I was just quoting Le Guin elsewhere and found her Paris Review interview, as you do, and OH MY GOD SHE AND PHILIP K DICK WENT TO THE SAME HIGH SCHOOL
INTERVIEWER
What was it about Dick’s work that caught your attention?
LE GUIN
Partly it was that he and I had similar interests in certain things, such as Taoism and the I Ching—after all we were both Berkeley kids of exactly the same generation. And then, his sci-fi novels were about ordinary, unexceptional, confused people, when so much sci-fi consisted of Campbellian or militaristic heroes and faceless multitudes. Mr. Tagomi, in The Man in the High Castle, was a revelation to me of what you could do with sci-fi if you really took it seriously as a novelist.
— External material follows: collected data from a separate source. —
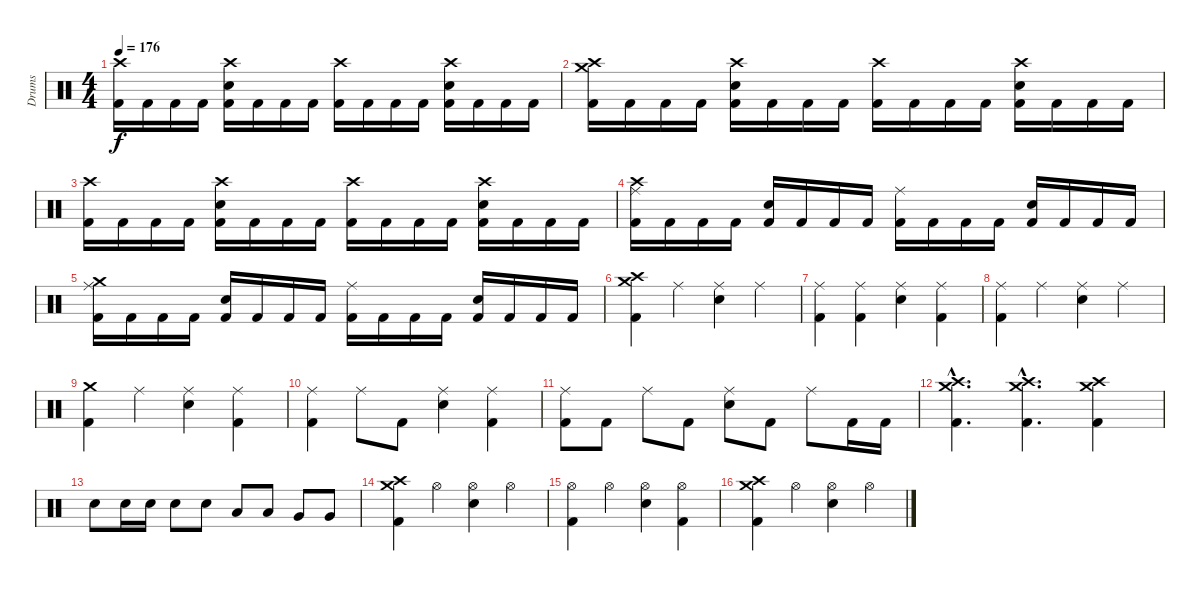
\track ("Drums" "Drums") {instrument percussion}
\staff {score}
\articulation defaults
\ts (4 4)
\tempo 176
\clef neutral
\ks c
("Crash high (hit)" "Kick (hit) 2").16{dy f} "Kick (hit) 2".16 "Kick (hit) 2".16 "Kick (hit) 2".16 ("Crash high (hit)" "Snare (hit) 2" "Kick (hit) 2").16 "Kick (hit) 2".16 "Kick (hit) 2".16 "Kick (hit) 2".16 ("Crash high (hit)" "Kick (hit) 2").16 "Kick (hit) 2".16 "Kick (hit) 2".16 "Kick (hit) 2".16 ("Crash high (hit)" "Snare (hit) 2" "Kick (hit) 2").16 "Kick (hit) 2".16 "Kick (hit) 2".16 "Kick (hit) 2".16 |
("Crash medium (hit)" "Crash high (hit)" "Kick (hit) 2").16 "Kick (hit) 2".16 "Kick (hit) 2".16 "Kick (hit) 2".16 ("Crash high (hit)" "Snare (hit) 2" "Kick (hit) 2").16 "Kick (hit) 2".16 "Kick (hit) 2".16 "Kick (hit) 2".16 ("Crash high (hit)" "Kick (hit) 2").16 "Kick (hit) 2".16 "Kick (hit) 2".16 "Kick (hit) 2".16 ("Crash high (hit)" "Snare (hit) 2" "Kick (hit) 2").16 "Kick (hit) 2".16 "Kick (hit) 2".16 "Kick (hit) 2".16 |
("Crash high (hit)" "Kick (hit) 2").16 "Kick (hit) 2".16 "Kick (hit) 2".16 "Kick (hit) 2".16 ("Crash high (hit)" "Snare (hit) 2" "Kick (hit) 2").16 "Kick (hit) 2".16 "Kick (hit) 2".16 "Kick (hit) 2".16 ("Crash high (hit)" "Kick (hit) 2").16 "Kick (hit) 2".16 "Kick (hit) 2".16 "Kick (hit) 2".16 ("Crash high (hit)" "Snare (hit) 2" "Kick (hit) 2").16 "Kick (hit) 2".16 "Kick (hit) 2".16 "Kick (hit) 2".16 |
("Ride (middle)" "Crash high (hit)" "Kick (hit) 2").16 "Kick (hit) 2".16 "Kick (hit) 2".16 "Kick (hit) 2".16 ("Snare (hit) 2" "Kick (hit) 2").16 "Kick (hit) 2".16 "Kick (hit) 2".16 "Kick (hit) 2".16 ("Ride (middle)" "Kick (hit) 2").16 "Kick (hit) 2".16 "Kick (hit) 2".16 "Kick (hit) 2".16 ("Snare (hit) 2" "Kick (hit) 2").16 "Kick (hit) 2".16 "Kick (hit) 2".16 "Kick (hit) 2".16 |
("Ride (middle)" "Crash medium (hit)" "Kick (hit) 2").16 "Kick (hit) 2".16 "Kick (hit) 2".16 "Kick (hit) 2".16 ("Snare (hit) 2" "Kick (hit) 2").16 "Kick (hit) 2".16 "Kick (hit) 2".16 "Kick (hit) 2".16 ("Ride (middle)" "Kick (hit) 2").16 "Kick (hit) 2".16 "Kick (hit) 2".16 "Kick (hit) 2".16 ("Snare (hit) 2" "Kick (hit) 2").16 "Kick (hit) 2".16 "Kick (hit) 2".16 "Kick (hit) 2".16 |
("Crash medium (hit)" "Crash high (hit)" "Kick (hit) 2").4 "Ride (middle)".4 ("Ride (middle)" "Snare (hit) 2").4 "Ride (middle)".4 |
("Ride (middle)" "Kick (hit) 2").4 ("Ride (middle)" "Kick (hit) 2").4 ("Ride (middle)" "Snare (hit) 2").4 ("Ride (middle)" "Kick (hit) 2").4 |
("Ride (middle)" "Kick (hit) 2").4 "Ride (middle)".4 ("Ride (middle)" "Snare (hit) 2").4 "Ride (middle)".4 |
("Crash medium (hit)" "Kick (hit) 2").4 "Ride (middle)".4 ("Ride (middle)" "Snare (hit) 2").4 ("Ride (middle)" "Kick (hit) 2").4 |
("Ride (middle)" "Kick (hit) 2").4 "Ride (middle)".8 "Kick (hit) 2".8 ("Ride (middle)" "Snare (hit) 2").4 ("Ride (middle)" "Kick (hit) 2").4 |
("Ride (middle)" "Kick (hit) 2").8 "Kick (hit) 2".8 "Ride (middle)".8 "Kick (hit) 2".8 ("Ride (middle)" "Snare (hit) 2").8 "Kick (hit) 2".8 "Ride (middle)".8 "Kick (hit) 2".16 "Kick (hit) 2".16 |
("Crash medium (hit)"{hac} "Crash high (hit)"{hac} "Kick (hit) 2"{hac}).4{d} ("Crash medium (hit)"{hac} "Crash high (hit)"{hac} "Kick (hit) 2"{hac}).4{d} ("Crash medium (hit)" "Crash high (hit)" "Kick (hit) 2").4 |
"Snare (hit) 2".8 "Snare (hit) 2".16 "Snare (hit) 2".16 "Snare (hit) 2".8 "Snare (hit) 2".8 "Low Tom (hit)".8 "Low Tom (hit)".8 "Very Low Tom (hit)".8 "Very Low Tom (hit)".8 |
("Crash high (hit)" "Crash medium (hit)" "Kick (hit) 2").4 "Hi-Hat (open)".4 ("Hi-Hat (open)" "Snare (hit) 2").4 "Hi-Hat (open)".4 |
("Hi-Hat (open)" "Kick (hit) 2").4 "Hi-Hat (open)".4 ("Hi-Hat (open)" "Snare (hit) 2").4 ("Hi-Hat (open)" "Kick (hit) 2").4 |
("Crash high (hit)" "Crash medium (hit)" "Kick (hit) 2").4 "Hi-Hat (open)".4 ("Hi-Hat (open)" "Snare (hit) 2").4 "Hi-Hat (open)".4

Did you know we were in the same high school?
INTERVIEWER
You and Philip K. Dick? Really?
LE GUIN
Berkeley High, thirty-five hundred kids. Big, huge school. Nobody knew Phil Dick. I have not found one person from Berkeley High who knew him. He was the invisible classmate.
INTERVIEWER
That could almost be taken from one of his novels. So you didn’t know him at all?
LE GUIN
No! We got into correspondence as adults. But I never met him physically.
I AM GOING TO DIE OF DELIGHT. LE GUIN HATH SLAIN ME. FOR SOME REASON THAT MAKES ME JUST SO HAPPY.